For each test, examine the output carefully:

  • Are the correct thresholds and filesystems listed in the header?
  • Are the CPU, memory, and disk values reported?
  • Do warnings appear correctly when thresholds are exceeded?
  • Are errors handled gracefully (e.g., for invalid paths or options)?
  • Does the cleanup function run and report the correct exit status? Does it remove the temporary directory?

Workshop Summary

Fantastic! You have successfully built a functional system health check script by applying advanced shell scripting techniques:

  • Modularity: Used functions (usage, cleanup, check_*, main) to organize code.
  • Robustness: Implemented error handling using set -euo pipefail, $?, explicit checks (command -v, file existence, parsing validation), and a trap for cleanup.
  • Configuration: Parsed command-line options professionally using getopts.
  • Data Handling: Used command substitution ($()) extensively to capture output from date, uptime, free, df, awk, mktemp. Processed text using awk, grep, and sed. Handled multiple filesystem paths using arrays.
  • Resource Management: Safely created and removed temporary resources (mktemp, rm in trap).

This script serves as a solid base.
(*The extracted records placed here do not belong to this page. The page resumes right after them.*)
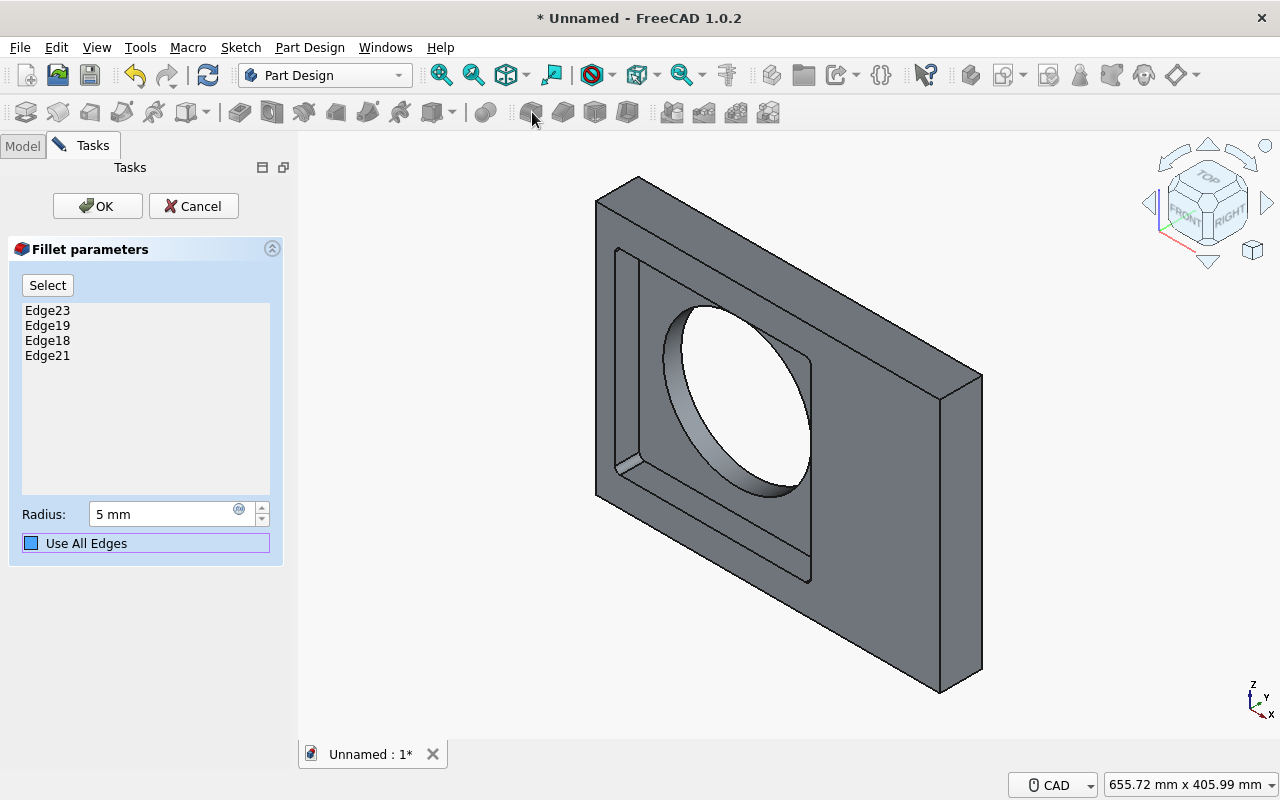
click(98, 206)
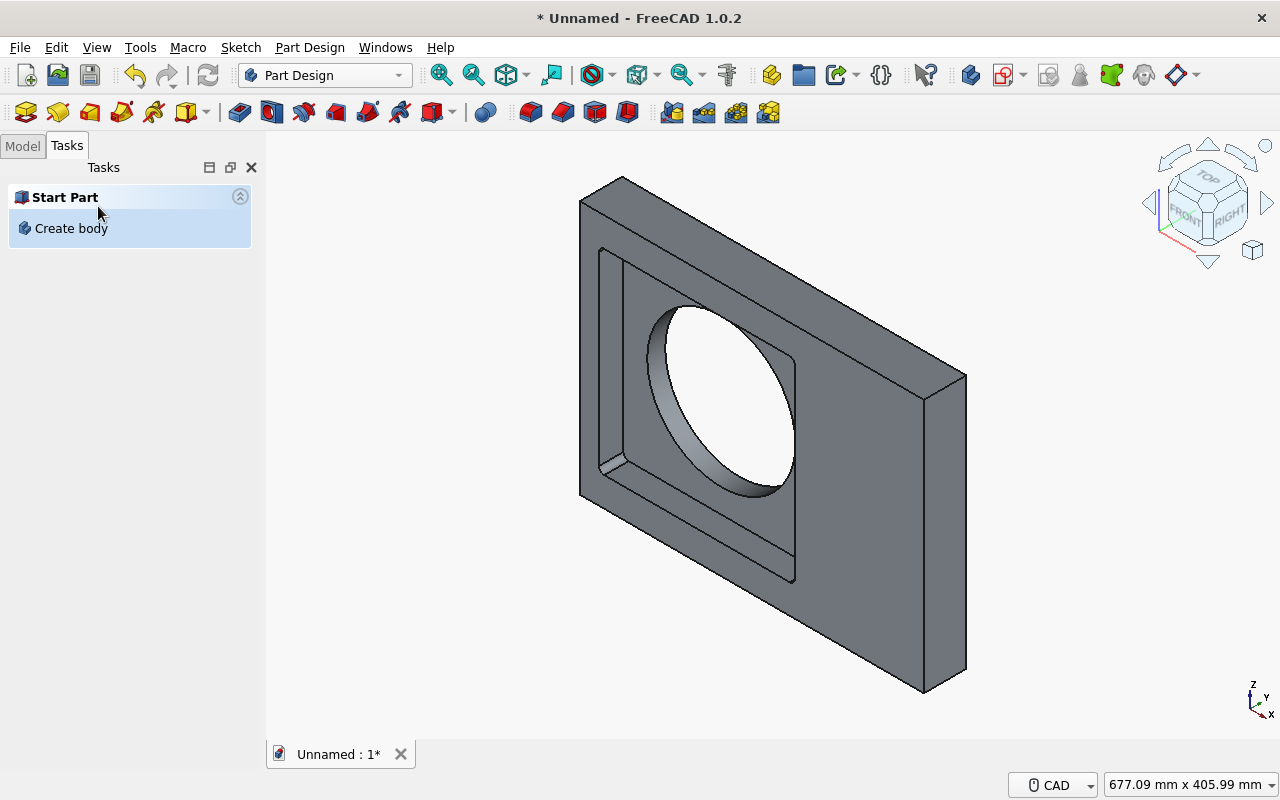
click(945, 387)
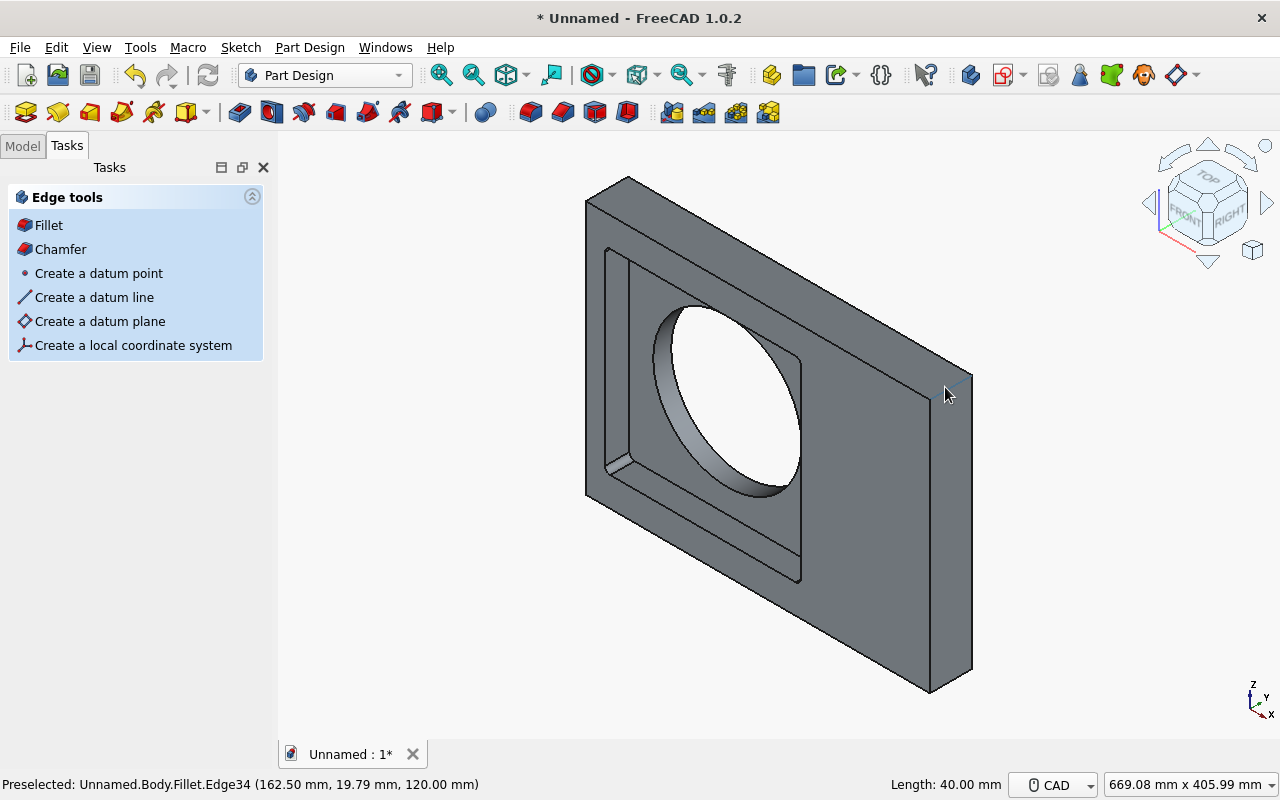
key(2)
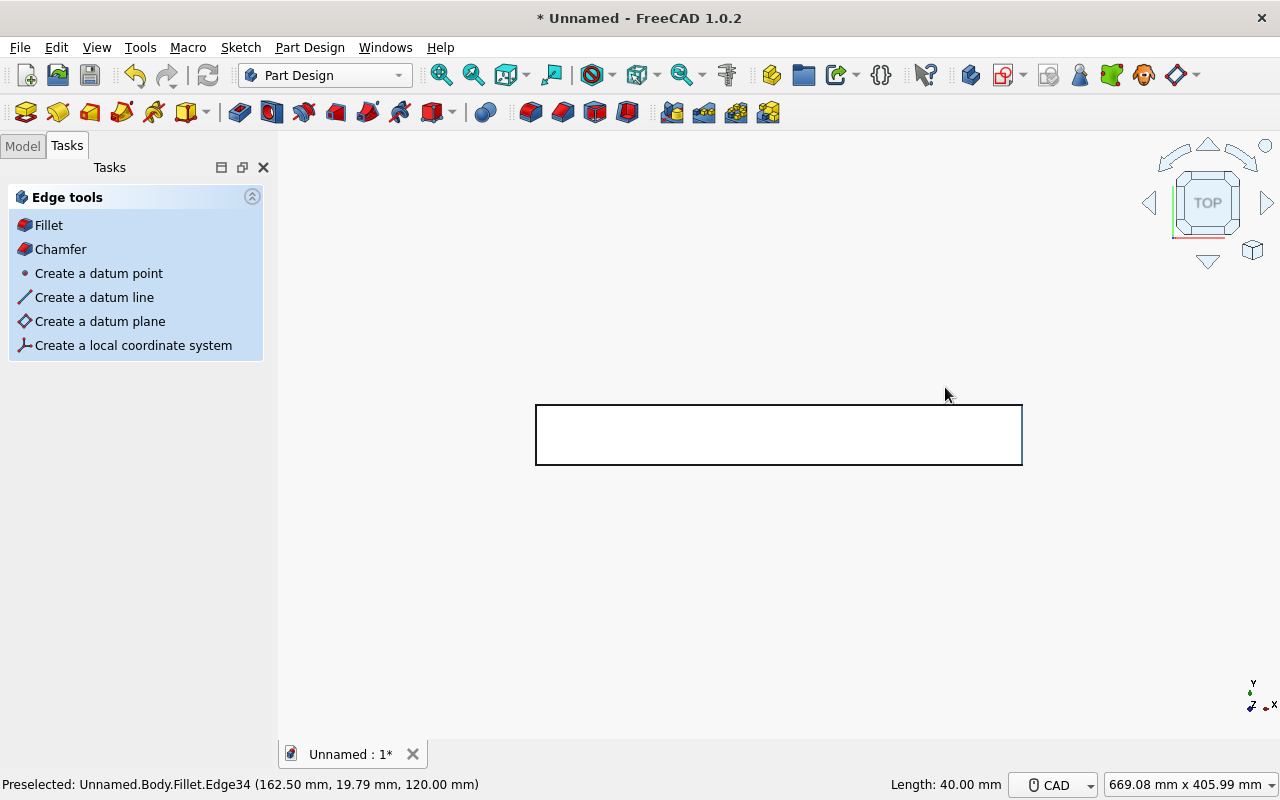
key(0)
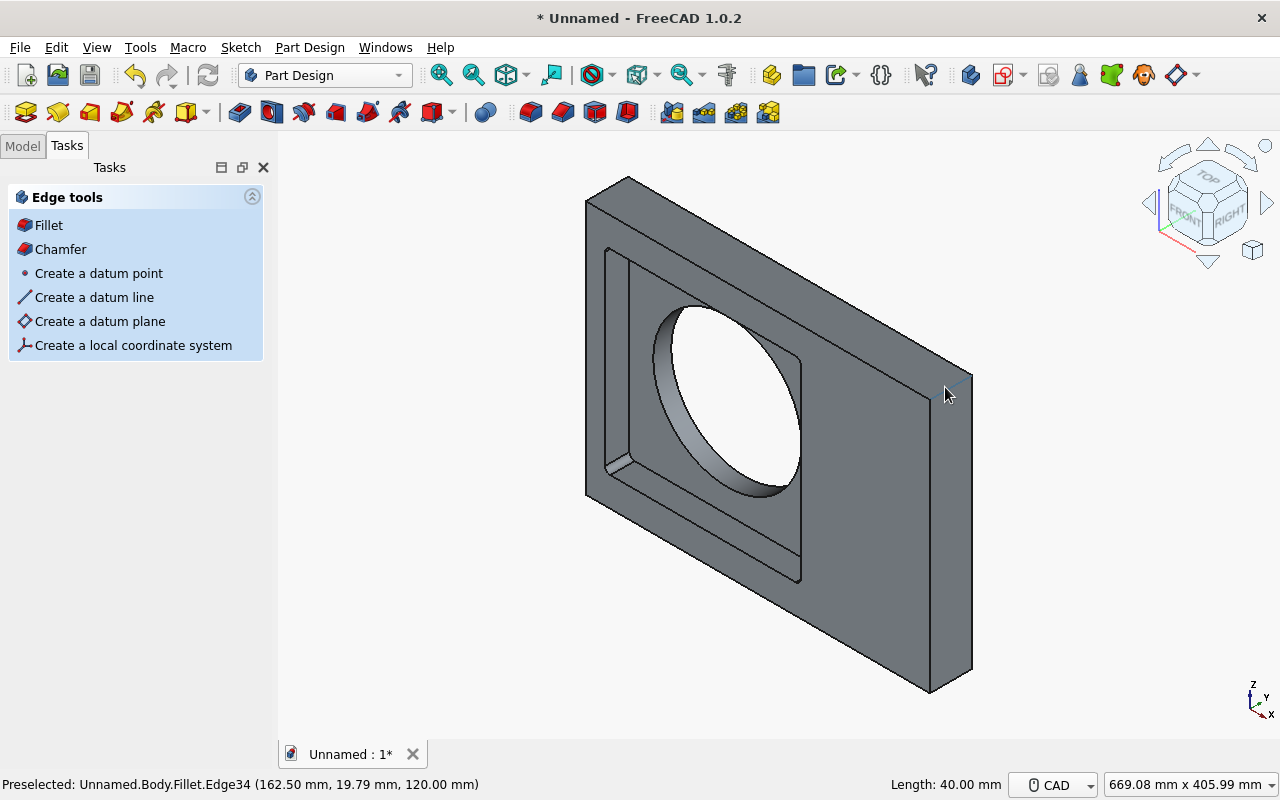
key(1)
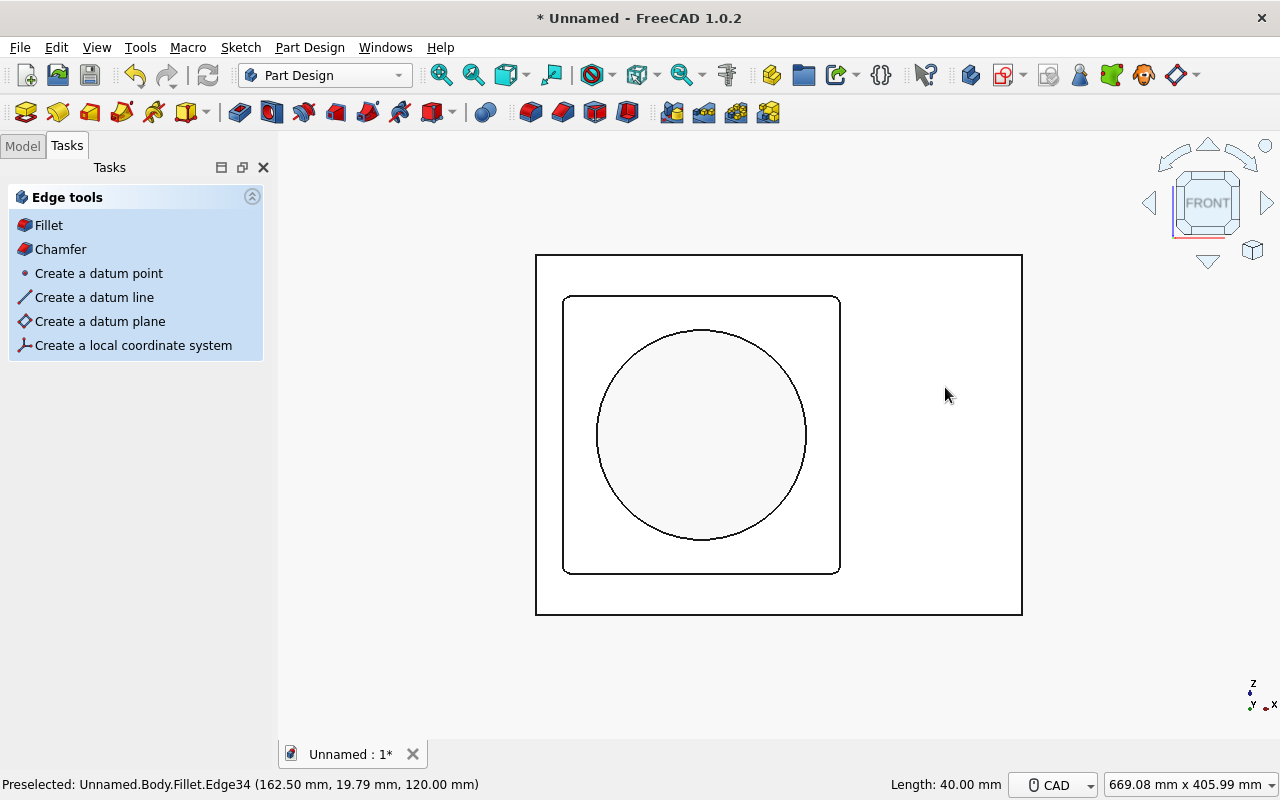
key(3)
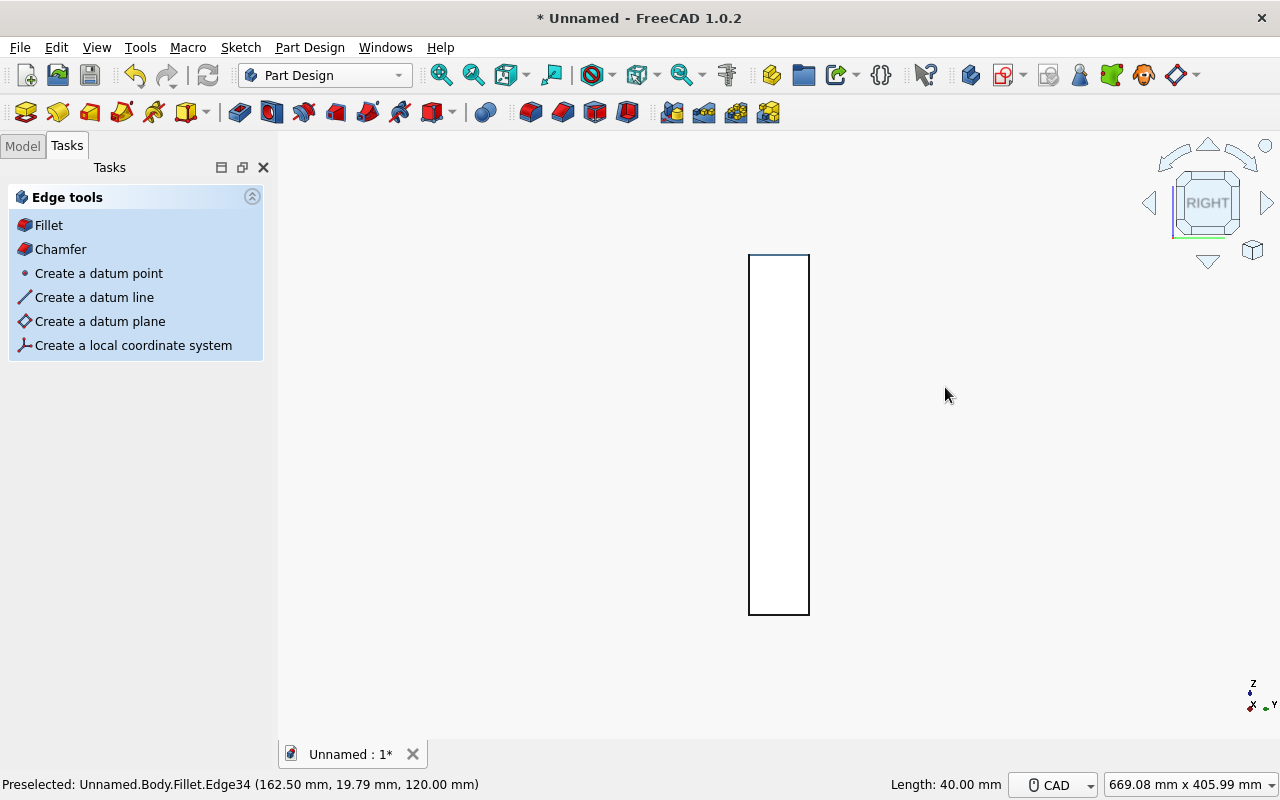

You can enhance it further by adding more checks (network connectivity, running processes, service status), improving parsing robustness (e.g., using df --output flags if available), adding color output, or reading configuration from a file.

This workshop demonstrates how the techniques from the previous chapter come together to create powerful and reliable automation tools using the shell.